Augusta Fox Bronner (July 22, 1881 – December 11, 1966) was an American psychologist, best known for her work in juvenile psychology. She co-directed the first child guidance clinic, and her research shaped psychological theories about the causes behind child delinquency, emphasizing the need to focus on social and environmental factors over inherited traits.

Early life 
Bronner was born July 22, 1881, in Louisville, Kentucky, to Gustave Bronner and Hanna Fox Bronner. The family was Jewish, and Augusta Fox Bronner's grandparents on both sides of the family were originally from Germany. She had two siblings, an older brother and a younger sister.

After living in Cincinnati for several years, Bronner's family returned to Louisville, where Bronner graduated with her high school diploma in 1898.

Education 
Bronner's mother and grandmother both encouraged her to study and build a career. Bronner had aspired to be a teacher since youth, and after high school she pursued an educator's certification at the Louisville Normal School. She dropped out briefly, due to eye problems, and spent a year travelling in Europe with her aunt before returning to the Normal School and graduating in 1901.

After enrolling in the Columbia University Teachers College, Bronner completed her bachelor's degree (B.S.) in 1906, soon followed by her master's degree (A.M.) in 1909. During her studies, she worked part-time grading papers for psychologist Edward L. Thorndike. She returned to Louisville briefly, teaching at the local Louisville Girls' High School – her old school – until her father's death in 1911. Bonner then began her doctoral studies at the Teachers' College, working with Thorndike.
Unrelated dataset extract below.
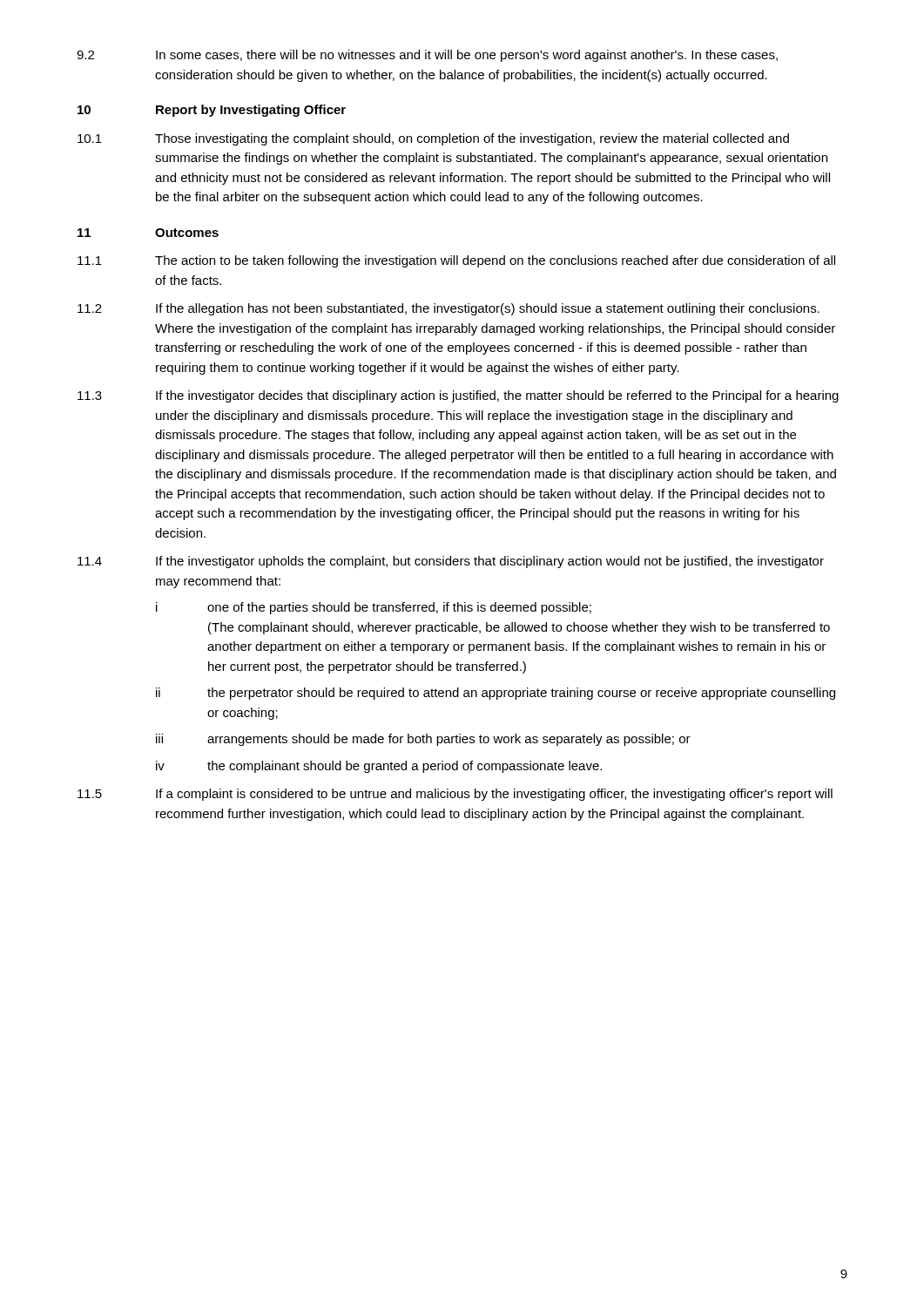Viewport: 924px width, 1307px height.
Task: Locate the passage starting "11.3 If the investigator decides that"
Action: click(x=462, y=464)

In 1914, Bronner completed her doctoral degree and published her dissertation, entitled A Comparative Study of the Intelligence of Delinquent Girls. Bronner's research showed that there was no correlation between delinquency and mental disability, undermining the common notion of the time that criminal behaviour was passed down through biological factors.

Career 
In 1913, while taking a summer course at Harvard University, Bronner met Chicago neurologist and professor William Healy. Healy was equally interested in the study of child delinquency, and subsequently hired Bronner to work as a psychologist at his Chicago Juvenile Psychopathic Institute. In 1914, the institute was renamed the Psychopathic Clinic of the Juvenile Court, and Bronner soon became the assistant director. Bronner and Healy proceeded to shape the study and treatment of delinquent youth, contributing to the scientific understanding that most juvenile crime stemmed from "mental repressions, social conflicts, and family relations", not hereditary factors. Among other research, Bronner identified that delinquency often arose as a result of placing children with learning disabilities or special abilities in the wrong kinds of educational environments.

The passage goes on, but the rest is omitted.